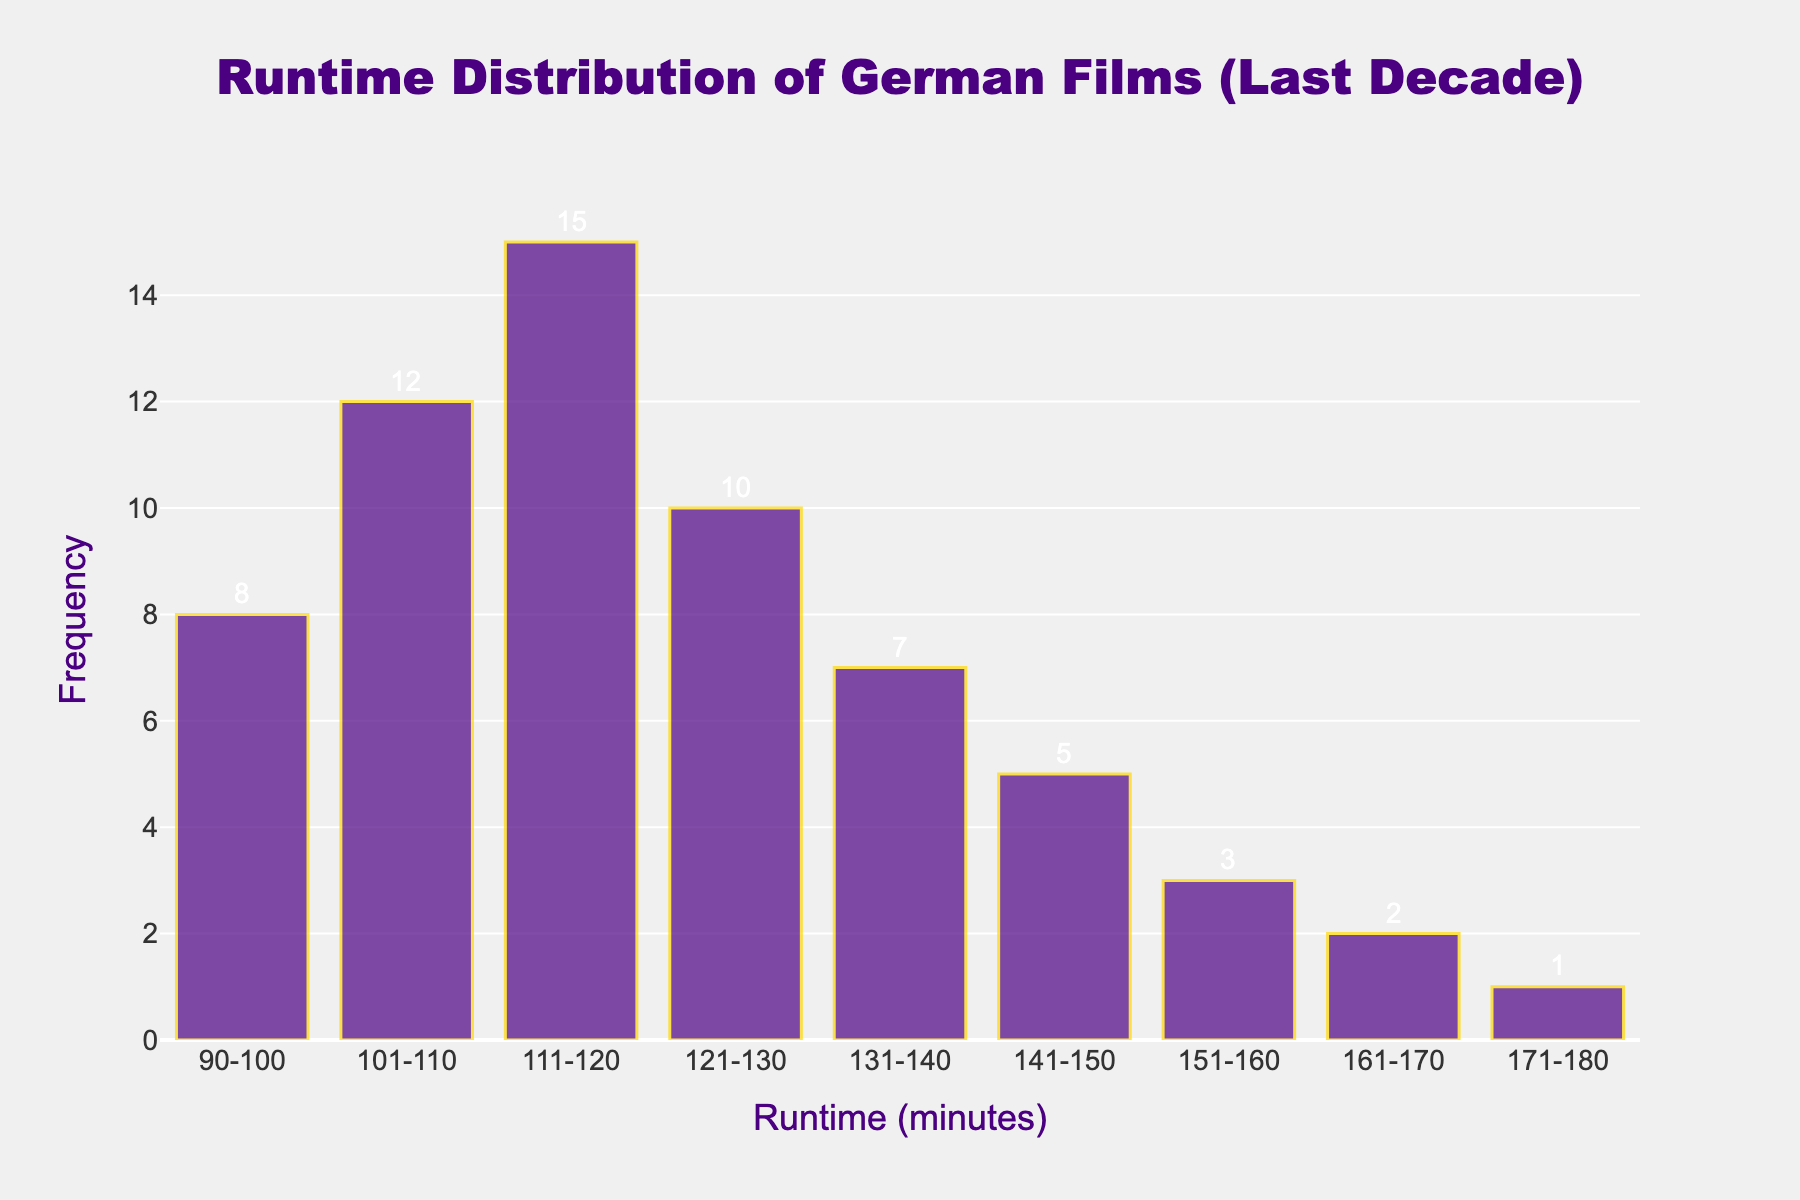What is the title of the histogram? The title of the histogram is displayed at the top center of the figure. It reads "Runtime Distribution of German Films (Last Decade)".
Answer: Runtime Distribution of German Films (Last Decade) What is the color of the bars in the histogram? The bars in the histogram are colored indigo.
Answer: Indigo What is the most frequent runtime range for German films? The highest bar in the histogram represents the most frequent runtime range. The bar with the highest frequency is in the 111-120 minutes range, which has a frequency of 15.
Answer: 111-120 minutes How many runtime ranges have a frequency of more than 10? By examining the bars, we find that the ranges 101-110 minutes (12) and 111-120 minutes (15) have frequencies greater than 10.
Answer: 2 What is the least frequent runtime range for German films? The bar with the lowest height represents the least frequent runtime range. The range 171-180 minutes has a frequency of 1.
Answer: 171-180 minutes What is the combined frequency of films with runtimes between 121 and 150 minutes? We add the frequencies for the ranges 121-130 (10), 131-140 (7), and 141-150 (5). The total is 10 + 7 + 5 = 22.
Answer: 22 Is the frequency of films with runtimes between 90 and 100 minutes greater than the frequency of those between 161 and 170 minutes? Comparing the bars for the ranges 90-100 minutes (8) and 161-170 minutes (2), 8 is greater than 2.
Answer: Yes What is the total number of German films considered in this histogram? Add the frequencies of all the runtime ranges: 8 + 12 + 15 + 10 + 7 + 5 + 3 + 2 + 1 = 63.
Answer: 63 Which runtime range has a frequency of 5? The bar corresponding to the range 141-150 minutes has a height indicating a frequency of 5.
Answer: 141-150 minutes Are there more films with runtimes between 101 and 130 minutes than those between 131 and 180 minutes? Sum the frequencies for 101-130 minutes (12 + 15 + 10 = 37) and compare to the total for 131-180 minutes (7 + 5 + 3 + 2 + 1 = 18). 37 is greater than 18.
Answer: Yes

....

§ **WHAT THE EXERCISE ASKS**
Copy word for word every line from the start of the material through the line holding "Answer: 111-120 minutes". The pictures are not part of the copy.

§ **RESULT**
What is the title of the histogram? The title of the histogram is displayed at the top center of the figure. It reads "Runtime Distribution of German Films (Last Decade)".
Answer: Runtime Distribution of German Films (Last Decade) What is the color of the bars in the histogram? The bars in the histogram are colored indigo.
Answer: Indigo What is the most frequent runtime range for German films? The highest bar in the histogram represents the most frequent runtime range. The bar with the highest frequency is in the 111-120 minutes range, which has a frequency of 15.
Answer: 111-120 minutes How many runtime ranges have a frequency of more than 10? By examining the bars, we find that the ranges 101-110 minutes (12) and 111-120 minutes (15) have frequencies greater than 10.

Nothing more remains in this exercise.